The wire heated in my fist as it bent and twisted. “Then show me,” I said. “I'll do it.”
Midgely's small hands felt across my shirt, then his finger poked at my ribs. “There. That's where you stick it, Tom. That's where.”
The wire snapped. It sprang from my hand and flew against the cage. I thought it passed right between the bars, but with a tiny tick it bounced from the wood and fell across my leg. I took it up and held it tightly.
“Push hard,” said Midge. “Push harder than you ever pushed.”
Here came the savage, striding from the fires with his forked stick and its noose. I imagined myself jabbing the wire at his chest, driving it through his ribs. A cold sweat broke out on my back and my face and my hands. I said, “I can't. Oh, Midge, I…”
“You can,” he said. “In your heart ain't you really the Smasher?”
“That was never me,” I said. But was it really true? I had been born a twin, and I shared the cruel blood of my murderous brother. It had pulsed me into rages before.
“Just do it, Tom,” said Midge.
The savage tugged at his noose. If he kept to his order, he would take my father next, then Weedle and Penny and all the others. Midge and I would be last, with no one to save but ourselves.
I shook the cage. “Take
me
!” I shouted.
“No!” cried Father.
But I shouted again, “Take
me
!” The savage came right to the cage as I cried out with every curse and oath I'd ever heard. Then he turned, and stepped toward my father.
I picked up the parasol and rattled at the bars. I worked it
in between them and, clumsily, threw it at the man. He turned again. He came back to the door of my cage, bent down, and worked the latch.
His nose was pierced by a white bone. His earlobes had been slit and stretched, so that they dangled now—grotesquely—nearly to his shoulders. His dark tattoos were like patterns of little black rivets set into his skin. His hands were huge, and they fumbled with the latch.
I held the wire in my fists. I flexed it back and forth. My heart was pounding, but not with anger and rage. I felt nothing more than a sickening fear as the latch opened. The savage wrenched the door aside. He picked up his forked stick and thrust it into the cage.

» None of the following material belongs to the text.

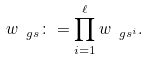<formula> <loc_0><loc_0><loc_500><loc_500>w _ { \ g s } \colon = \prod _ { i = 1 } ^ { \ell } w _ { \ g s ^ { i } } .</formula>

I grabbed it. I pulled hard, and the savage toppled forward. His chest banged against the cage, and the strings of bones and shells swayed across the doorway.
I brought up the wire. I saw just where to aim it, just where to drive it in. But even then I knew I could never do it. I was not my twin after all; I had none of his cold fury. When my father had cut us apart, in the minute of my birth, he had made me very different.
The cannibal hauled me out and threw me to the ground. Before I could move, the noose encircled my neck.
“Tom!” my father shouted. “Oh, my dear son!”
The noose drew tight at my neck. I tried to work my fingers underneath the cord, but it was all I could do to keep my balance as the savage hauled me from the ground and marched me to the stake.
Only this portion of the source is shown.